Dataset items

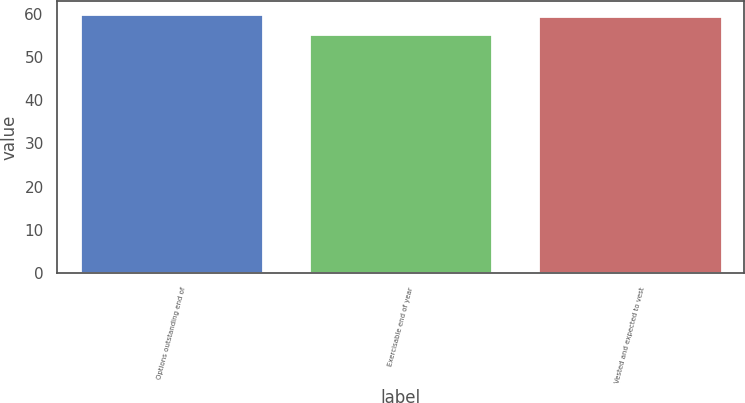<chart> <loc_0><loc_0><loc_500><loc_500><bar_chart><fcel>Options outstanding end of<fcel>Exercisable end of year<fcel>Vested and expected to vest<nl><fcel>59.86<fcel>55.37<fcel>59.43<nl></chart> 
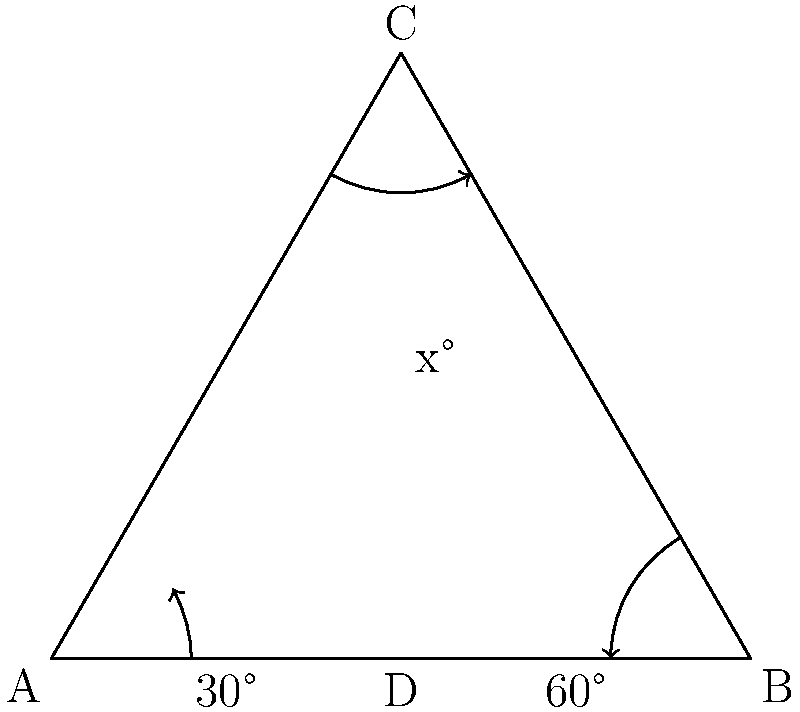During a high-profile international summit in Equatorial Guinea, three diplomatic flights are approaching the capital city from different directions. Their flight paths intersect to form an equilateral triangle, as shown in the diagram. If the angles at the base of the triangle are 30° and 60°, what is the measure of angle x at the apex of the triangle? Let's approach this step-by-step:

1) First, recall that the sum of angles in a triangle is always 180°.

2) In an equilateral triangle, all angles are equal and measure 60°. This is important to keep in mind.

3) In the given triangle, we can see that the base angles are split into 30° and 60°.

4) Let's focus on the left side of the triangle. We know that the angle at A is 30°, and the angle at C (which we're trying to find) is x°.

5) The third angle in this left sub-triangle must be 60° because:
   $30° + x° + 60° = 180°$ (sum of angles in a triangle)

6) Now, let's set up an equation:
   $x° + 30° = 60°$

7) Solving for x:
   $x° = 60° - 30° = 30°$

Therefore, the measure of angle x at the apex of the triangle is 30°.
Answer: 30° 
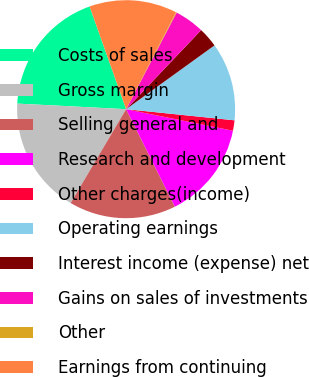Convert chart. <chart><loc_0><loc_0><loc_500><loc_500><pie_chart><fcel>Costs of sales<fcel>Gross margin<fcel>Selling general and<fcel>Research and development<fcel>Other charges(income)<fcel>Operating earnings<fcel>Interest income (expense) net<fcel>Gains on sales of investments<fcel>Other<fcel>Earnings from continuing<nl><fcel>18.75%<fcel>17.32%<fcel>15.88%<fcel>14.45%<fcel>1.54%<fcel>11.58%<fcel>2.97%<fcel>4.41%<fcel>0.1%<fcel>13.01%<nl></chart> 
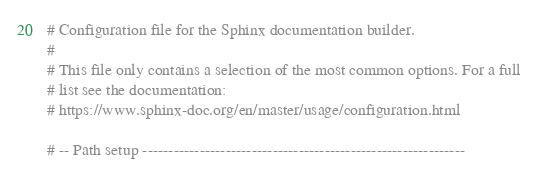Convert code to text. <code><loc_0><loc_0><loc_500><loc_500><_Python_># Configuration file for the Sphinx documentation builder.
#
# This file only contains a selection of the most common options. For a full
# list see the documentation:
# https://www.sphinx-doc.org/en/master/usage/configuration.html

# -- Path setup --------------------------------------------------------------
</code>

TASK DETAILS —
Wherever a line in the data above contains the word "left", copy that line.

REPLY TO THE TASK —
4) Let's focus on the left side of the triangle. We know that the angle at A is 30°, and the angle at C (which we're trying to find) is x°.
5) The third angle in this left sub-triangle must be 60° because:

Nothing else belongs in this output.